The most notable feature of the budget is that electoral considerations trumped the long-term national interest on climate change. The only explanation for the rejection of expert opinion on the subject is that the Government is readying itself for an election and is not willing to court the limited level of unpopularity that increased carbon taxes would entail.
The entire budget was designed to cause the minimum of offence with something for everybody and an avoidance of bold decisions that might alienate any major interest group apart from the green lobby.
While it might be pushing it to describe the measure as an election budget it was certainly an each-way bet with enormous care being taken not to provoke any major interest group in society.
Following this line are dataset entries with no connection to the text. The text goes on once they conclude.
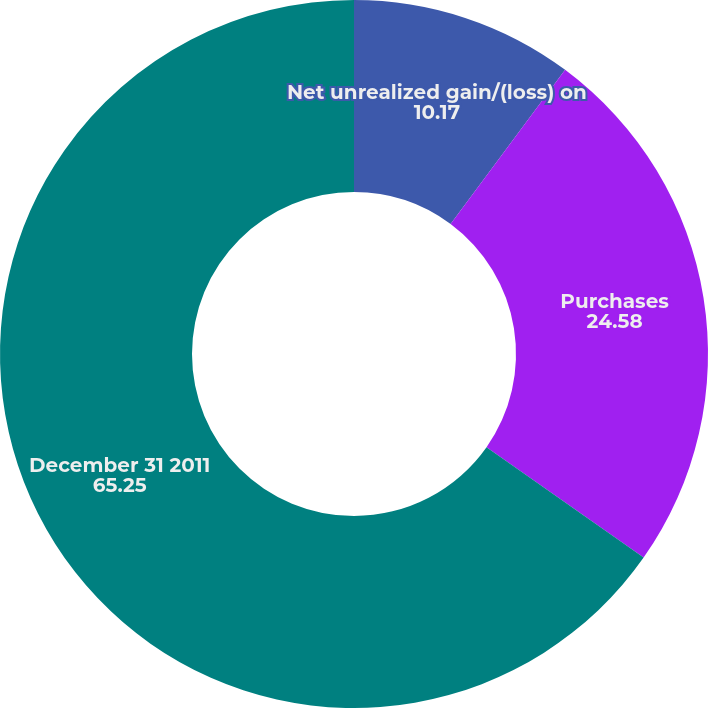Convert chart. <chart><loc_0><loc_0><loc_500><loc_500><pie_chart><fcel>Net unrealized gain/(loss) on<fcel>Purchases<fcel>December 31 2011<nl><fcel>10.17%<fcel>24.58%<fcel>65.25%<nl></chart> 
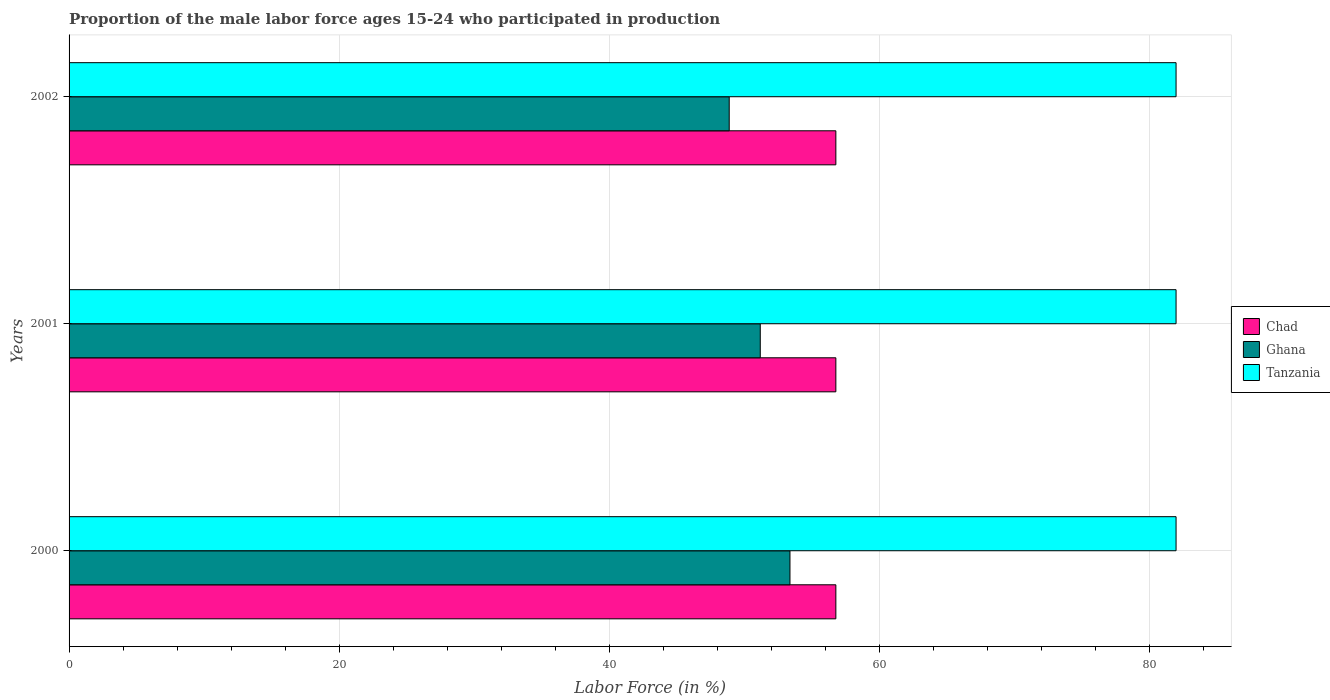How many different coloured bars are there?
Offer a very short reply. 3. Are the number of bars per tick equal to the number of legend labels?
Your answer should be very brief. Yes. Are the number of bars on each tick of the Y-axis equal?
Provide a short and direct response. Yes. How many bars are there on the 2nd tick from the bottom?
Your response must be concise. 3. What is the label of the 3rd group of bars from the top?
Give a very brief answer. 2000. What is the proportion of the male labor force who participated in production in Chad in 2001?
Your response must be concise. 56.8. Across all years, what is the maximum proportion of the male labor force who participated in production in Ghana?
Ensure brevity in your answer.  53.4. Across all years, what is the minimum proportion of the male labor force who participated in production in Chad?
Offer a terse response. 56.8. In which year was the proportion of the male labor force who participated in production in Ghana minimum?
Your answer should be very brief. 2002. What is the total proportion of the male labor force who participated in production in Ghana in the graph?
Offer a terse response. 153.5. What is the difference between the proportion of the male labor force who participated in production in Chad in 2000 and the proportion of the male labor force who participated in production in Ghana in 2001?
Keep it short and to the point. 5.6. What is the average proportion of the male labor force who participated in production in Ghana per year?
Your response must be concise. 51.17. In the year 2001, what is the difference between the proportion of the male labor force who participated in production in Chad and proportion of the male labor force who participated in production in Ghana?
Ensure brevity in your answer.  5.6. Is the proportion of the male labor force who participated in production in Tanzania in 2000 less than that in 2001?
Provide a succinct answer. No. What is the difference between the highest and the second highest proportion of the male labor force who participated in production in Tanzania?
Provide a short and direct response. 0. What is the difference between the highest and the lowest proportion of the male labor force who participated in production in Chad?
Your answer should be very brief. 0. What does the 3rd bar from the top in 2001 represents?
Keep it short and to the point. Chad. What does the 1st bar from the bottom in 2001 represents?
Offer a very short reply. Chad. How many bars are there?
Give a very brief answer. 9. Are all the bars in the graph horizontal?
Provide a short and direct response. Yes. How many years are there in the graph?
Offer a very short reply. 3. Are the values on the major ticks of X-axis written in scientific E-notation?
Your answer should be compact. No. Does the graph contain grids?
Your answer should be compact. Yes. Where does the legend appear in the graph?
Your response must be concise. Center right. What is the title of the graph?
Give a very brief answer. Proportion of the male labor force ages 15-24 who participated in production. What is the Labor Force (in %) of Chad in 2000?
Give a very brief answer. 56.8. What is the Labor Force (in %) in Ghana in 2000?
Ensure brevity in your answer.  53.4. What is the Labor Force (in %) in Chad in 2001?
Ensure brevity in your answer.  56.8. What is the Labor Force (in %) in Ghana in 2001?
Your response must be concise. 51.2. What is the Labor Force (in %) in Chad in 2002?
Provide a short and direct response. 56.8. What is the Labor Force (in %) of Ghana in 2002?
Your response must be concise. 48.9. Across all years, what is the maximum Labor Force (in %) in Chad?
Your response must be concise. 56.8. Across all years, what is the maximum Labor Force (in %) of Ghana?
Provide a succinct answer. 53.4. Across all years, what is the maximum Labor Force (in %) of Tanzania?
Your answer should be compact. 82. Across all years, what is the minimum Labor Force (in %) of Chad?
Provide a succinct answer. 56.8. Across all years, what is the minimum Labor Force (in %) in Ghana?
Your response must be concise. 48.9. What is the total Labor Force (in %) of Chad in the graph?
Offer a very short reply. 170.4. What is the total Labor Force (in %) in Ghana in the graph?
Make the answer very short. 153.5. What is the total Labor Force (in %) of Tanzania in the graph?
Your response must be concise. 246. What is the difference between the Labor Force (in %) of Chad in 2000 and that in 2001?
Make the answer very short. 0. What is the difference between the Labor Force (in %) of Ghana in 2000 and that in 2001?
Offer a terse response. 2.2. What is the difference between the Labor Force (in %) of Tanzania in 2000 and that in 2001?
Provide a succinct answer. 0. What is the difference between the Labor Force (in %) in Chad in 2000 and that in 2002?
Your answer should be compact. 0. What is the difference between the Labor Force (in %) in Tanzania in 2000 and that in 2002?
Keep it short and to the point. 0. What is the difference between the Labor Force (in %) in Chad in 2000 and the Labor Force (in %) in Tanzania in 2001?
Give a very brief answer. -25.2. What is the difference between the Labor Force (in %) in Ghana in 2000 and the Labor Force (in %) in Tanzania in 2001?
Keep it short and to the point. -28.6. What is the difference between the Labor Force (in %) in Chad in 2000 and the Labor Force (in %) in Ghana in 2002?
Provide a short and direct response. 7.9. What is the difference between the Labor Force (in %) in Chad in 2000 and the Labor Force (in %) in Tanzania in 2002?
Keep it short and to the point. -25.2. What is the difference between the Labor Force (in %) of Ghana in 2000 and the Labor Force (in %) of Tanzania in 2002?
Offer a terse response. -28.6. What is the difference between the Labor Force (in %) of Chad in 2001 and the Labor Force (in %) of Tanzania in 2002?
Give a very brief answer. -25.2. What is the difference between the Labor Force (in %) of Ghana in 2001 and the Labor Force (in %) of Tanzania in 2002?
Ensure brevity in your answer.  -30.8. What is the average Labor Force (in %) in Chad per year?
Your answer should be compact. 56.8. What is the average Labor Force (in %) in Ghana per year?
Give a very brief answer. 51.17. What is the average Labor Force (in %) of Tanzania per year?
Provide a succinct answer. 82. In the year 2000, what is the difference between the Labor Force (in %) in Chad and Labor Force (in %) in Tanzania?
Ensure brevity in your answer.  -25.2. In the year 2000, what is the difference between the Labor Force (in %) in Ghana and Labor Force (in %) in Tanzania?
Make the answer very short. -28.6. In the year 2001, what is the difference between the Labor Force (in %) of Chad and Labor Force (in %) of Ghana?
Keep it short and to the point. 5.6. In the year 2001, what is the difference between the Labor Force (in %) of Chad and Labor Force (in %) of Tanzania?
Give a very brief answer. -25.2. In the year 2001, what is the difference between the Labor Force (in %) in Ghana and Labor Force (in %) in Tanzania?
Provide a short and direct response. -30.8. In the year 2002, what is the difference between the Labor Force (in %) in Chad and Labor Force (in %) in Ghana?
Provide a succinct answer. 7.9. In the year 2002, what is the difference between the Labor Force (in %) in Chad and Labor Force (in %) in Tanzania?
Ensure brevity in your answer.  -25.2. In the year 2002, what is the difference between the Labor Force (in %) in Ghana and Labor Force (in %) in Tanzania?
Give a very brief answer. -33.1. What is the ratio of the Labor Force (in %) in Chad in 2000 to that in 2001?
Your response must be concise. 1. What is the ratio of the Labor Force (in %) in Ghana in 2000 to that in 2001?
Provide a succinct answer. 1.04. What is the ratio of the Labor Force (in %) in Tanzania in 2000 to that in 2001?
Give a very brief answer. 1. What is the ratio of the Labor Force (in %) in Ghana in 2000 to that in 2002?
Keep it short and to the point. 1.09. What is the ratio of the Labor Force (in %) in Tanzania in 2000 to that in 2002?
Give a very brief answer. 1. What is the ratio of the Labor Force (in %) of Chad in 2001 to that in 2002?
Keep it short and to the point. 1. What is the ratio of the Labor Force (in %) in Ghana in 2001 to that in 2002?
Offer a very short reply. 1.05. What is the ratio of the Labor Force (in %) in Tanzania in 2001 to that in 2002?
Provide a short and direct response. 1. What is the difference between the highest and the second highest Labor Force (in %) of Ghana?
Your response must be concise. 2.2. What is the difference between the highest and the second highest Labor Force (in %) in Tanzania?
Your answer should be very brief. 0. What is the difference between the highest and the lowest Labor Force (in %) in Ghana?
Your answer should be compact. 4.5. What is the difference between the highest and the lowest Labor Force (in %) of Tanzania?
Provide a short and direct response. 0.

A feature of budgets down the years is that a small item, such as the famous rod licence, can come back to bite a government months later. There has been a determined attempt to insulate this budget from that kind of backlash but only time will tell if it has been successful.
The whole emphasis is on spending, with massive resources being allocated to the two big burning issues of health and housing. Both are areas that certainly require more money but whether the increased allocations will improve the situation significantly in either case may be doubtful.
In particular the allocation of an extra billion euro to health following the overruns in the budget year after year is a serious cause for concern. The sheer scale of the increase in health spending each year without any obvious improvement in the service is something that cannot continue indefinitely.
Other increases in spending are designed to cover every possible base, with sweeteners for welfare recipients, pensioners, couples with young children and small improvements in after-tax pay for middle-income earners.
Pensioners
As usual pensioners fared reasonably well, because they have serious electoral clout, while young working people on middle incomes had very little to cheer about because there is no vocal pressure group to represent their interests.
It seems Fine Gael has taken a lesson from its last election budget in autumn 2015, when the emphasis was on tax reductions. That backfired in the campaign of February 2016, when Fianna Fáil successfully framed the debate about fairness and the main government party suffered an unexpected reverse.
The emphasis on spending programmes in this budget and the very modest reductions in tax indicate that Fine Gael is determined not to make the same mistake twice. The party might do well to remember the old adage that political parties almost always make the mistake of preparing for the next election on the basis of the last one.
It is now obvious to all that a significant increase in carbon tax is necessary to save the planet and its people
The failure to increase carbon tax may appear a clever move in purely political terms. A rise in tax on fossil fuel, particularly diesel, would certainly have provoked some negative reaction, but the way the issue has been ignored could well backfire politically as well as inevitably costing the country dear in the long run.
In the past week the UN Intergovernmental Panel on Climate Change has issued a warning about the catastrophic impact on the planet that will inevitably take place if there is not a serious change in the approach to global warming.
At a national level the Government’s own Climate Change Advisory Council and its chairman, John FitzGerald, have called repeatedly for an increase in carbon tax and Minister for the Environment Denis Naughten has publicly accepted that it should happen. Yet nothing was done.
Diesel tax
At the very least tax on diesel should have been increased to the same level as the tax on petrol given the damaging public health impact of diesel as well as its contribution to carbon emissions.
It seems this time around it was the Independent Alliance that vetoed any increase in tax on diesel and forced Fine Gael to agree to a pilot scheme for the absurd “granny grant” being promoted by Shane Ross. Raising the tax on diesel would have generated more revenue as well as doing something for climate change and a lot for public health.
Mind you, when diesel was given preferential tax treatment by the Fianna Fáil/Green Party government a decade ago, the health implications were already well known. When this was pointed out, one Green government adviser remarked tongue in cheek: “You know the Greens. Saving the planet is more important than saving people.”
Nonetheless, it is now obvious to all that a significant increase in carbon tax is necessary to save the planet and its people. Green Party leader Eamon Ryan naturally focused on the issue in his Dáil response to the budget, pointing out how the Government could have changed its approach to climate change across a range of areas, from housing to forestry and from electricity generation to agriculture.
Ryan insisted that the Irish people are ready, willing and able to do their bit, and he could well be right. It is an issue on which the Government may well have misjudged the public mood and it could come back to haunt them whenever the election is called.